LA PROSTITUTA


Aquel día podría haber sido como otros. Pero no fue así. Ella, Nadia –y el nombre importa poco-, se había levantado a la misma hora de todos los días, casi a la hora del almuerzo, pues como todos los días, llegaba a casa no antes de las cinco de la madrugada, después de atender a los clientes que frecuentan el Club de alterne donde ella trabajaba cada día, desde que llegó de Rusia, su país de nacimiento.
Nadia, luego de darse una ducha de agua fría –era costumbre en ella desde que llegó a estas tierras-, vistió su hermosísima desnudez con un albornoz de color rosa que le había regalado unos meses atrás Antonio, su amante y proxeneta. Después de abrir la puerta del baño para que el vaho del espejo desapareciera, quedó inmóvil frente a su propio rostro. Se miró intensamente a los ojos, como si fuera la primera vez que se veía a sí misma frente a un espejo, como si no se reconociera en aquellos rasgos de su cara, de sus áureos cabellos, de sus carnosos y pálidos labios, de sus pronunciados pómulos, de su tersa piel, de sus largas pestañas…Pero Nadia estaba allí, mirándose en el espejo, como una tonta, como si al hacerlo de aquella forma una paz extraña se apoderara de ella. Pero Nadia, un día más, se hallaba sola. Sólo ella y sus sueños, y sus fantasmas, y el miedo.
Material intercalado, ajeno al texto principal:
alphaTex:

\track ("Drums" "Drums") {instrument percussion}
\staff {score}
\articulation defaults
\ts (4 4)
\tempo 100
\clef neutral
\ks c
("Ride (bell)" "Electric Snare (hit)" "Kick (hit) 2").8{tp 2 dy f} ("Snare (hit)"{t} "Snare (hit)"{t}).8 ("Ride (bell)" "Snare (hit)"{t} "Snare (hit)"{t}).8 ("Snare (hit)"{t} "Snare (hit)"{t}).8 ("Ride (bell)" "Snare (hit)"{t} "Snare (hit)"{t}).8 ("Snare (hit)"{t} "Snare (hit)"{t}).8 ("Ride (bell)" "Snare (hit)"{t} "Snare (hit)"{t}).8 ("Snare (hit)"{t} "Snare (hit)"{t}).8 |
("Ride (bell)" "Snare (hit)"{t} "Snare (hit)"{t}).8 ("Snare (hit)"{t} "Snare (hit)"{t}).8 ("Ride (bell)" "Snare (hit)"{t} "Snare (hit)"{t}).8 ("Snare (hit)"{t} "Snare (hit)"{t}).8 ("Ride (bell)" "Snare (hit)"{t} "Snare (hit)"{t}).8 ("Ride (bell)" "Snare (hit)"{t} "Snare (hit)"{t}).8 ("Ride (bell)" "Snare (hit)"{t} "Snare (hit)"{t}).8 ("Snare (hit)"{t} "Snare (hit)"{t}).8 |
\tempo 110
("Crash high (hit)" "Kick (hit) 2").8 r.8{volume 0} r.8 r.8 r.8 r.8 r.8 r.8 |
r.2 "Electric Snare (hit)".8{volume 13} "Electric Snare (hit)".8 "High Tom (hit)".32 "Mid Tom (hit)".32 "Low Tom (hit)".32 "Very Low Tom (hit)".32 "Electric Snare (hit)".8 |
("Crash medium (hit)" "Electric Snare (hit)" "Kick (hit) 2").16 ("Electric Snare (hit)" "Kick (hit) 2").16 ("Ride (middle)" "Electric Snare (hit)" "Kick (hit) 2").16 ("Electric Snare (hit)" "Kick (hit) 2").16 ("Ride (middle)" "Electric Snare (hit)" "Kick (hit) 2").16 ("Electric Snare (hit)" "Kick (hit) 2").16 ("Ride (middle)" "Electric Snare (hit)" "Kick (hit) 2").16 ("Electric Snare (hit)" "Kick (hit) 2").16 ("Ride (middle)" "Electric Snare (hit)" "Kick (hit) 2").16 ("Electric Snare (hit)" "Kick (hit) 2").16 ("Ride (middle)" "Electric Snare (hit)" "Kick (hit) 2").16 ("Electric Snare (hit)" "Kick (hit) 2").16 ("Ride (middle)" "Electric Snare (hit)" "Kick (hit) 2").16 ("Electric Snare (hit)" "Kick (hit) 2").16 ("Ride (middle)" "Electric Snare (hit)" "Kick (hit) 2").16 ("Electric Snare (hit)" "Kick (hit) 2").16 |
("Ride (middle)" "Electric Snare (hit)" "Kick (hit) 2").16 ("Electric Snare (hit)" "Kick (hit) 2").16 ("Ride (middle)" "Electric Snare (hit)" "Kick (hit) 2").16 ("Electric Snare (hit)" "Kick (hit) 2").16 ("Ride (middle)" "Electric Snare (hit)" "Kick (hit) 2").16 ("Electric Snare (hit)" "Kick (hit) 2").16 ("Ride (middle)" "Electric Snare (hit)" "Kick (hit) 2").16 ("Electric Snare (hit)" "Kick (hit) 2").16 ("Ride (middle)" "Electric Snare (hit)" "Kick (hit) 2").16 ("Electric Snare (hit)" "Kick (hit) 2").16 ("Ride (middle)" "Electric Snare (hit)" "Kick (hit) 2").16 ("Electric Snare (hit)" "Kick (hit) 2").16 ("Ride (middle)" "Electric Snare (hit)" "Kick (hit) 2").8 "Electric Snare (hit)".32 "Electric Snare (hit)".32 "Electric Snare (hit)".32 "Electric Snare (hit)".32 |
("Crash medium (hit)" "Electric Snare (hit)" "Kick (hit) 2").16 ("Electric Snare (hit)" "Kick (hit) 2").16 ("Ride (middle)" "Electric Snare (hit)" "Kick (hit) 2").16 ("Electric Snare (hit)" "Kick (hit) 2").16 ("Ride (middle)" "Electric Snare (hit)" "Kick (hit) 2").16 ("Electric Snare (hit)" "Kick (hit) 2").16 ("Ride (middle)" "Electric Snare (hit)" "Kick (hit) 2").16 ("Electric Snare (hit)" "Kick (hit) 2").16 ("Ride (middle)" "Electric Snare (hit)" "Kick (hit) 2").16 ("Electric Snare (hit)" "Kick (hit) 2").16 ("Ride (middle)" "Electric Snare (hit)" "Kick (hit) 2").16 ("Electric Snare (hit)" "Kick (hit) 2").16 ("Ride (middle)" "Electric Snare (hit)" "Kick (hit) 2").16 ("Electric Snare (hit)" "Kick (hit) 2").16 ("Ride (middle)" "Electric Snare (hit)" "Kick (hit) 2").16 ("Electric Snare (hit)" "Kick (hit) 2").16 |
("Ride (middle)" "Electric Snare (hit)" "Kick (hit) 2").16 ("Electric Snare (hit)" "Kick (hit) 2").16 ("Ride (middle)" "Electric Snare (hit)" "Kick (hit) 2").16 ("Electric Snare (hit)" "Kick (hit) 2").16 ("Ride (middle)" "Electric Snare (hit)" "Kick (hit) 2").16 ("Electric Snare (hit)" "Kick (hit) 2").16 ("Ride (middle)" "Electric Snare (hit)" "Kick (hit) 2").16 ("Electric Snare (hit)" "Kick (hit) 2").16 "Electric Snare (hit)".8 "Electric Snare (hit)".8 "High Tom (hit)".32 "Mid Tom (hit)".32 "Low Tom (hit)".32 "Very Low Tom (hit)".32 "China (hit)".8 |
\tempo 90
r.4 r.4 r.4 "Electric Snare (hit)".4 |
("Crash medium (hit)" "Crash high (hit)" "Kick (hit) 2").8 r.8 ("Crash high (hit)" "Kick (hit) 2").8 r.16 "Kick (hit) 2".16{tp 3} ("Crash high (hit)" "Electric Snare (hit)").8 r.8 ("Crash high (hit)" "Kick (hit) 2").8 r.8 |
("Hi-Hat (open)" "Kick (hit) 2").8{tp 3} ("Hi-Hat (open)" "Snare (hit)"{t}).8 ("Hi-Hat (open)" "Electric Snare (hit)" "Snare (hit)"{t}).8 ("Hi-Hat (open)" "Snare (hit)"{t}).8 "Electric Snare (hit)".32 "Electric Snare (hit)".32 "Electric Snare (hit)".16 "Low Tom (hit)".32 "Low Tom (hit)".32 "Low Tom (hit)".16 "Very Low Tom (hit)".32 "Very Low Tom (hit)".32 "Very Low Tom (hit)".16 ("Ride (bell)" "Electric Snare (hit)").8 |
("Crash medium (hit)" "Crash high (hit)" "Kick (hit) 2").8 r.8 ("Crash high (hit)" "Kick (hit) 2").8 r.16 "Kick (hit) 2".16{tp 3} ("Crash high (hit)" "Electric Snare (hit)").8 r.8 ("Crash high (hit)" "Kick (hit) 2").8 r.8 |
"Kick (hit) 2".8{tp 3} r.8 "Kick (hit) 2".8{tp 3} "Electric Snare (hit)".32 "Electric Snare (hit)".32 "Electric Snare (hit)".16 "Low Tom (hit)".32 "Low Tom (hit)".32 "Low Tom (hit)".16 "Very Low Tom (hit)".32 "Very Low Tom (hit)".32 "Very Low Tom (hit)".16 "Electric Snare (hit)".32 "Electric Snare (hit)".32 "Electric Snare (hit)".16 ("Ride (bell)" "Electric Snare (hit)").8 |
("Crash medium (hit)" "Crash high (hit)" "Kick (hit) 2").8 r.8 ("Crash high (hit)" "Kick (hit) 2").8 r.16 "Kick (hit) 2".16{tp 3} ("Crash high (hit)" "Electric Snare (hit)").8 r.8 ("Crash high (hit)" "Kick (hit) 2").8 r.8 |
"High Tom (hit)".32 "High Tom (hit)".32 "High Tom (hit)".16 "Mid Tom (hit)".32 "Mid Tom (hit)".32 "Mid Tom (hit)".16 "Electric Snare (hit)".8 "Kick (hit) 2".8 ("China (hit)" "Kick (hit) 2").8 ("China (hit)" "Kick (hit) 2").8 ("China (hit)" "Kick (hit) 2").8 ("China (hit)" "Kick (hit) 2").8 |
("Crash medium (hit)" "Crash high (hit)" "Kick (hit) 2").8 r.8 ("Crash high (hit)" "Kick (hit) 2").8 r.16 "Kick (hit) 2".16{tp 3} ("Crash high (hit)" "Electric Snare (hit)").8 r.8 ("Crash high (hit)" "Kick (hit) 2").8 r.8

Nadia, entonces, como una autómata se maquilló rápidamente: un poco de crema en la cara, el rimel para las pestañas, el lápiz negro para el borde de los párpados y un ligero cogido para el pelo. Ya en la habitación, Nadia escogería el conjunto de lencería más sexy, una minifalda y una camiseta escotada; comería junto a otras compañeras de oficio en el bar de la esquina y de nuevo, a la misma hora de todos los días, al Club, a esperar, como siempre, que llegue la noche y con ella sus vampiros. Y ella, Nadia, se acomodará al placer de los hombres, hasta la extenuación.
Aquel día podría haber sido como otros. Pero no fue así. Nadie volvió a su casa acompañada de Antonio, y sin saber por qué, tras pasar la Puerta ocho de la Primera planta del Edificio A, el cuchillo jamonero que escondía entre su ropa su amante y proxeneta, le atravesó el corazón, como un poseso el cuchillo entró y salió del cuerpo de Nadia hasta diez veces. Nadia cayó al suelo y llevándose las manos al pecho sintió que la sangre le quemaba las manos, la vida entera. Luego, un gran silencio, la nada.
Aquel día podría haber sido como otros. Pero no fue así. Nadia volvió definitivamente a casa, para siempre, para siempre.